Согласно закону «о тунеядстве» максимальный срок за это преступление не может превышать два года. Откуда взялись пять лет? Это уже была другая статья, в частности, известная нам ст. 70 ч.1 УК РСФСР, по которой пятилетнее наказание отбывал Александр Аркадьевич Уманский.
Видимо, не без участия сидевшего на Красноярской зоне Олега Шахматова (он сотрудничал с «комитетом») дело Бродского «о тунеядстве» было негласно переквалифицировано в дело об «антисоветской агитации и пропаганде», что тянуло за собой определенный род процедурных особенностей, а также взаимодействия с КГБ, дабы избежать строгого или особого режима содержания в колониях в уголовной среде, лагерных этапов и каторжных тюрем.
Показательно, что сразу после завершения суда над Иосифом Бродским и вынесения ему приговора СП Ленинграда полностью утратил к нему всякий интерес, благо что внутрикорпоративные задачи в Союзе (на волне судебного разбирательства) были решены, а сам молодой поэт изначально ничего кроме раздражения у руководства СП (в том числе и у руководства молодежной секции Союза) не вызывал.
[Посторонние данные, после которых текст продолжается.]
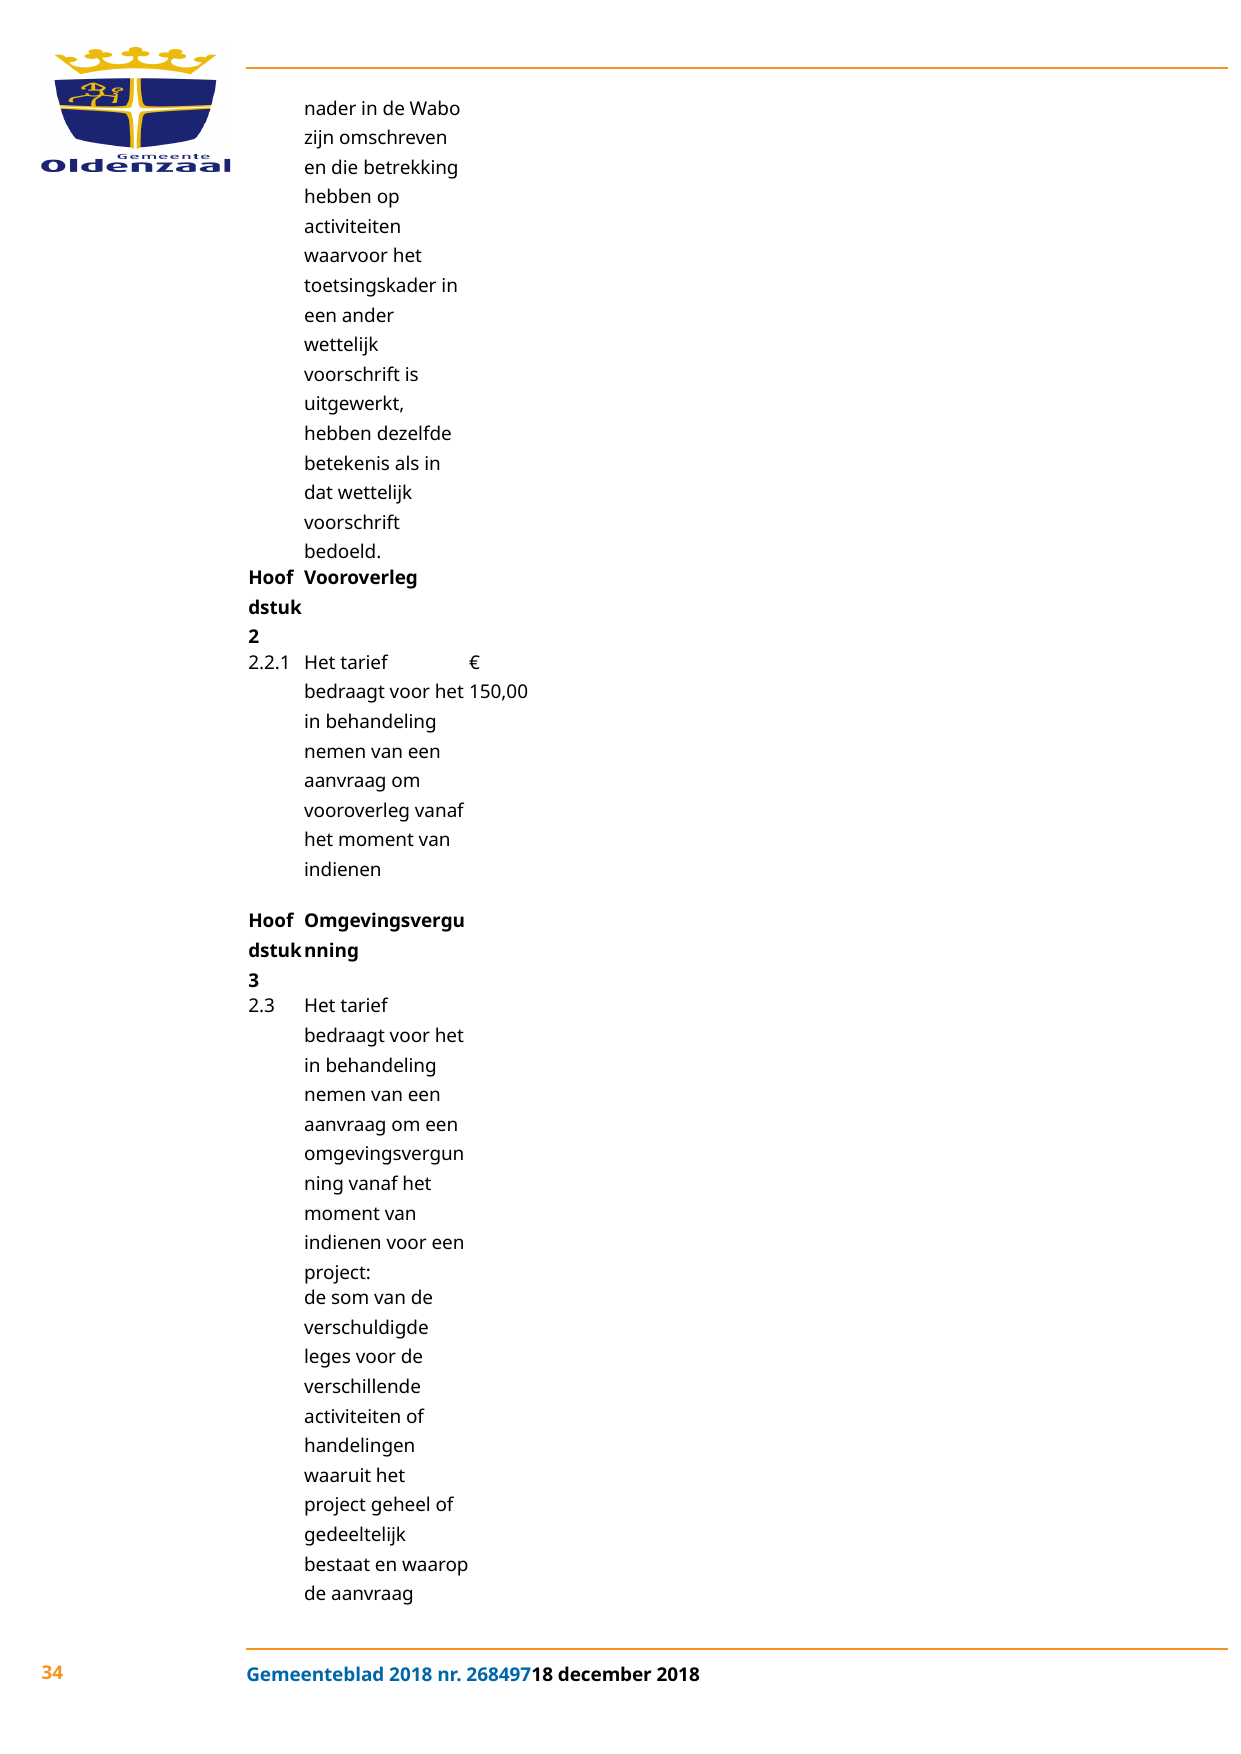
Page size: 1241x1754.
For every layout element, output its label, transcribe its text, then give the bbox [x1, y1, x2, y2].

В это время Анна Ахматова скажет: «А о Гранине больше не будут говорить: “это тот, кто написал такие-то книги”, а – “это тот, кто погубил Бродского”. Только так».
В своей монографии «Иосиф Бродский: Опыт литературной биографии» Лев Лосев пишет: «По мере того как расходились круги по воде общественного мнения, двадцатитрехлетний Иосиф Бродский, автор таких-то и таких-то стихотворений, превращался в архетипического Поэта, которого судит “чернь тупая”. Первоначально защиту Бродского организовали люди, лично его знавшие, любившие его, переживающие за его судьбу: Ахматова и более близкие Бродскому по возрасту друзья М. В. Ардов, Б. Б. Бахтин, Я. А. Гордин, И. М. Ефимов, Б. И. Иванов, А. Г. Найман, Е. Б. Рейн и другие, а также те старшие знакомые среди ленинградских писателей и филологов, которые ценили его дарование, в первую очередь выступавшие на суде Грудинина и Эткинд. Вслед за ними в дело защиты уже не столько Бродского как такового, но Поэта и принципов справедливости стало вовлекаться все возрастающее число людей в Москве и Ленинграде. В противовес официальной началась подлинно общественная кампания. Центральными фигурами в ней были две женщины героического характера – преданный друг Ахматовой писательница Лидия Корнеевна Чуковская (1907–1996) и близкая подруга Чуковской журналистка Фрида Абрамовна Вигдорова (1915–1965)…
Запись суда над Бродским, сделанная Вигдоровой несмотря на угрозы судьи, стала документом огромного значения не только в судьбе Бродского, но и в новейшей политической истории России. За несколько месяцев она распространилась в самиздате, оказалась за рубежом и стала цитироваться в западной прессе. Если до этого имя Бродского на Западе было почти никому неизвестно, то к концу 1964 года, в особенности после того, как во Франции «Figaro Litteraire», а в Англии «Encounter», напечатали полные переводы вигдоровской записи. Романтическая история поэта, над которым чинят расправу злобные, тупые бюрократы, уже вовсе очищенная от подробностей скудного советского быта и местного политиканства, потрясла воображение западной интеллигенции. Для тех, кто знал цену тоталитаризму, суд над Бродским стал еще одним после травли Пастернака подтверждением, что свобода слова в советской России при Хрущеве так же невозможна, как при Сталине, а для многих людей левых убеждений – окончательным крахом доверия к советской разновидности социализма…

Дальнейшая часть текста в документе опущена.